I heard similar complaints being voiced about the Common Agricultural Policy (CAP) decades ago, in which many UK farmers were forced out of business because traditional UK farming practices were different to their French counterparts. The EU consistently determines that one size fits all, and their fundamental assumption fails in the domain of food production because the differences that exist between regions are the result of different weather climates, different trade routes, and different historical trading partners.

Not really a very good example. British farming has been more advanced than the rest of Europe ever since the start of the Industrial Revolution. So 'protecting traditional farming' (which runs counter to trends in global farming, by the way) has been in the interest of France and other countries where such outdated production modes are still being employed.

That said, EU farming policy is somewhat counterproductive. But that wasn't your argument.

The problem recently disclosed by the Tate & Lyle sugar refinery (via BBC News) shows why Democratic Accountability in the EU is necessary to protect businesses. I am certain this is not a UK-only problem within the EU, and even the largest businesses struggle to be heard on multinational political projects, making it difficult for anyone to measure the scale of these types of problems or identify which regions are being most damaged.

I have no clue what you are arguing here. But if you are in favour of democratic accountability, leaving the EU will have zero effect on that, since the UK will no longer have a European vote period.
 
Agent327 said:
..if you are in favour of democratic accountability, leaving the EU will have zero effect on that, since the UK will no longer have a European vote period.

Apologies. No time to respond to everything but you mentioned the above several times, and this is my view: Leaving would be voting with our feet.

If the UK leaves then the UK is no longer subject to the EU policies that are being determined without democratic accountability. Example effects:

  • UK solicitor firms relocating from London to Paris (EU Patent Court est. in Paris)
  • GM companies relocating from UK to US (EU opposes GM, but UK does not)
  • And many more...
 
Apart of this being somewhat beside the point, why would a central bank not be supportive of government policy?

I am beginning to think you argue for the sake of argument.

The EU recognises one central bank (European Central Bank - ECB) and the EU recognises multiple sovereign states.

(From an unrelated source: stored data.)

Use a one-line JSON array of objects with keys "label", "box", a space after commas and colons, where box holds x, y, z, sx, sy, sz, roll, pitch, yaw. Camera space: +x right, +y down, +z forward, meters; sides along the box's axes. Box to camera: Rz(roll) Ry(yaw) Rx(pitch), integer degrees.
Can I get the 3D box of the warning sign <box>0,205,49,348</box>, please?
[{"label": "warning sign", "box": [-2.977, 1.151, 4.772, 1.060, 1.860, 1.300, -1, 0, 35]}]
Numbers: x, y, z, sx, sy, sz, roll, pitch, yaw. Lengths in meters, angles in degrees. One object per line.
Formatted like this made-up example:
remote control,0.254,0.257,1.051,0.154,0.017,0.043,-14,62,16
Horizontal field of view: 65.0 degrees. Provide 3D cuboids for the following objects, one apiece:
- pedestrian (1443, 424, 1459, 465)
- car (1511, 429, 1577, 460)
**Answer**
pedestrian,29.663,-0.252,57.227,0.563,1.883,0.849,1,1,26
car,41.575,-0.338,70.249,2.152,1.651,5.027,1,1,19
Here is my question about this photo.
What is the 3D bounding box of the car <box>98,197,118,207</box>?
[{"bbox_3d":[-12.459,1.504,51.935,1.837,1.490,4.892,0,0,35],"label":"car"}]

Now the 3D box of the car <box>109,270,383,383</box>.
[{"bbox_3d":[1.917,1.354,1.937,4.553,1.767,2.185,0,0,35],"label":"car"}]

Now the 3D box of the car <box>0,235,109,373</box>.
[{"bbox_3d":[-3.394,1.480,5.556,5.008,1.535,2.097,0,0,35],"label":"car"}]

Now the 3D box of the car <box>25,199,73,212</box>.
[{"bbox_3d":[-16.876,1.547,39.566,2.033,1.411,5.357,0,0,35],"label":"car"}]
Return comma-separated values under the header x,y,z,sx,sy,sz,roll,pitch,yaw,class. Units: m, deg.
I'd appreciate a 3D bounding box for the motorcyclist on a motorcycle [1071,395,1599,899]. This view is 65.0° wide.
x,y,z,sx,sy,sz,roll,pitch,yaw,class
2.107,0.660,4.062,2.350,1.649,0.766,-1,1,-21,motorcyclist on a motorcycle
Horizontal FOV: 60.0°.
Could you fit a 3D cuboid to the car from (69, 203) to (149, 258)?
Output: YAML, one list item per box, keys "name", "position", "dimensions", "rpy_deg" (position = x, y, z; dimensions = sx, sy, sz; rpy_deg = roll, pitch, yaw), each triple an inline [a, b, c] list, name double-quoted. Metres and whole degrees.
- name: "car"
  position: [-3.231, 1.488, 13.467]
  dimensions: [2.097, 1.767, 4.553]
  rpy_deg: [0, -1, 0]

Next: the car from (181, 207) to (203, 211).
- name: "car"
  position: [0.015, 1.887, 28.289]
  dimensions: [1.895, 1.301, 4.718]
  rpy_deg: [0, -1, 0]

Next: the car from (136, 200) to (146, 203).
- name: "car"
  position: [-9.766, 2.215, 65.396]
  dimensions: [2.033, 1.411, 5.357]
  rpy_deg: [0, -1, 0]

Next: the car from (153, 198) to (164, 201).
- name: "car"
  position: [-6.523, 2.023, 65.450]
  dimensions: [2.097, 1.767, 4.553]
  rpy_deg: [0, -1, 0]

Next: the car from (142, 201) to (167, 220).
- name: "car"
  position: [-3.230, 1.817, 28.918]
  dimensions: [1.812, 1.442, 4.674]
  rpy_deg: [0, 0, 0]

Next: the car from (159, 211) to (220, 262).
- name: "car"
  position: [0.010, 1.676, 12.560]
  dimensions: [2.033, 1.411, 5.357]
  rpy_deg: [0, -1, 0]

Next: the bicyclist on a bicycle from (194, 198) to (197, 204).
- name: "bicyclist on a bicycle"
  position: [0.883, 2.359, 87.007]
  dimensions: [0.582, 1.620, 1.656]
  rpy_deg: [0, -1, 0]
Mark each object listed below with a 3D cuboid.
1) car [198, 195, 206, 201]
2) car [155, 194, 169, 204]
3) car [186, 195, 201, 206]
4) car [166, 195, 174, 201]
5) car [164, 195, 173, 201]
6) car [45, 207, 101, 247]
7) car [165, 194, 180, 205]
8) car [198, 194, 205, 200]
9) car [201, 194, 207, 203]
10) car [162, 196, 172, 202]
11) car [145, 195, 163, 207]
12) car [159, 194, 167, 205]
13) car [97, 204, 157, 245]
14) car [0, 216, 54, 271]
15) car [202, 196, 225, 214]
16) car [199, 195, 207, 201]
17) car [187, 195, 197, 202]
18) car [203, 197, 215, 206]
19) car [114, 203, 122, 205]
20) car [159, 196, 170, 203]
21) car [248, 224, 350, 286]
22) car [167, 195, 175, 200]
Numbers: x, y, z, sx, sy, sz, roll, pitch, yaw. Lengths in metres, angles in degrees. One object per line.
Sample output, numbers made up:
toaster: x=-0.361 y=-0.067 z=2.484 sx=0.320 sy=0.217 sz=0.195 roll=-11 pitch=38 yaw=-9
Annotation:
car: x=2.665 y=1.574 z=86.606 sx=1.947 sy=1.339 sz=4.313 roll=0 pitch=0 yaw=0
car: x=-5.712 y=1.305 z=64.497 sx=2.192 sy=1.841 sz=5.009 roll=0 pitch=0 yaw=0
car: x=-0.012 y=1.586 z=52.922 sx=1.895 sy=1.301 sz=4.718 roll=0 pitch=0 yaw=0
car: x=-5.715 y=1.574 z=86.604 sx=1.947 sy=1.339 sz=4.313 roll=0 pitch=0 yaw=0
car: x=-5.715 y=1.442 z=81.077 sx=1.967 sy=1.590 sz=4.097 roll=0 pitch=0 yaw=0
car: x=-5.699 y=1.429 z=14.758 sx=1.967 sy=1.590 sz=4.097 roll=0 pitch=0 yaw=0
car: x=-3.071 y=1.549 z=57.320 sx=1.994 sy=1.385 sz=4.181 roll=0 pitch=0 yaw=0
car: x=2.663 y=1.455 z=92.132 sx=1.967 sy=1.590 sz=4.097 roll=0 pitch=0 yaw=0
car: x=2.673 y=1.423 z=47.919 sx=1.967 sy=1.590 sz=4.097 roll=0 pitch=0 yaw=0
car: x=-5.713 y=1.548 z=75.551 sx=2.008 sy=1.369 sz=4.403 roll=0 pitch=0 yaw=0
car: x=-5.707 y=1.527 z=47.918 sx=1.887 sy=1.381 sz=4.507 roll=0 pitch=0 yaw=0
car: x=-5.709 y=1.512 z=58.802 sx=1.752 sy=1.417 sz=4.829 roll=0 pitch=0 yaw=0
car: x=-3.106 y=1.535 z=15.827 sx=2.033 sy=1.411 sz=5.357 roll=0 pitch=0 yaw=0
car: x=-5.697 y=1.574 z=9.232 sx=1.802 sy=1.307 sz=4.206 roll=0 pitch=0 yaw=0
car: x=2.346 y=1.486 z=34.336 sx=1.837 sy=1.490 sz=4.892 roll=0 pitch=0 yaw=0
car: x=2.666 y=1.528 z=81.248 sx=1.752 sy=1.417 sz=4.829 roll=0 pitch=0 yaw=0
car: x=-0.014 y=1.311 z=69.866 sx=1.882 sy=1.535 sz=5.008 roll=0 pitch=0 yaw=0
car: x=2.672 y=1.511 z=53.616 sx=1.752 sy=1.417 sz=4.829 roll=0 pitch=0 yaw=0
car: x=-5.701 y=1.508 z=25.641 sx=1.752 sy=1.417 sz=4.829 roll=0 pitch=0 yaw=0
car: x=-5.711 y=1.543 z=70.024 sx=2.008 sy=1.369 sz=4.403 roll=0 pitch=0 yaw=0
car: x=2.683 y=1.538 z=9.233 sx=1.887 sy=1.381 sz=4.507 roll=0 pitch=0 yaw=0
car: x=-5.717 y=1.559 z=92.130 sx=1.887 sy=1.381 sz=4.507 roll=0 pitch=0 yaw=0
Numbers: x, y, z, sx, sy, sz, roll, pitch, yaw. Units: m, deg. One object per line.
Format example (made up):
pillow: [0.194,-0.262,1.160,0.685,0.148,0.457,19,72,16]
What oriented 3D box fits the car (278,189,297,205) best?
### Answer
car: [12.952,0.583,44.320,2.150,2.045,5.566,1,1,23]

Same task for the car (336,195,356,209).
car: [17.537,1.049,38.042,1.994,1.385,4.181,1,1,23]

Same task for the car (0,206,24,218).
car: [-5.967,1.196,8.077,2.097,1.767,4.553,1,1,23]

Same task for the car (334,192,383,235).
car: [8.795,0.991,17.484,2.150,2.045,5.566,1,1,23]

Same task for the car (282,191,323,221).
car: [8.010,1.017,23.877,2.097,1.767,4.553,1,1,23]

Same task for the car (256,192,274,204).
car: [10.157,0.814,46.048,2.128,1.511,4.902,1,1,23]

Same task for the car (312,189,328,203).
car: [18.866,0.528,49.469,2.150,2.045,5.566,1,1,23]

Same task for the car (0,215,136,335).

This creates a point of contention within the EU.

The ECB does not support UK economic policy or the GBP. The Bank of England (BOE) works with the ECB to enhance stability in the EU, but BOE is not protected (or even recognised) in an EU Treaty. This was of immense importance to the UK Gov before the referendum debate.

The UK attempted to negotiate protection for all non-Euro currencies, and the UK attempted to negotiate protections for all member states that are not committed to the Economic Monetary Union (EMU) ahead of this referendum. The EU rejected UK proposals and we should be considering the EU position in today's vote.

Where does ECB stand when two Euro-states have conflicting national economic policies? Or is ECB dictating economic policy to Euro-states in the first step towards an emerging super state? The UK has no problem with there being an ECB, but the UK has a big problem with an EU that sanctions only one central bank and only one currency.
 
forums.civfanatics.com said:
AlmostCivilized: I find EU Commission dialogues unacceptably opaque
Agent327: So you had no trouble in actually finding them

For clarity, I found the diaglogues are not accessible to the public. I could not access them.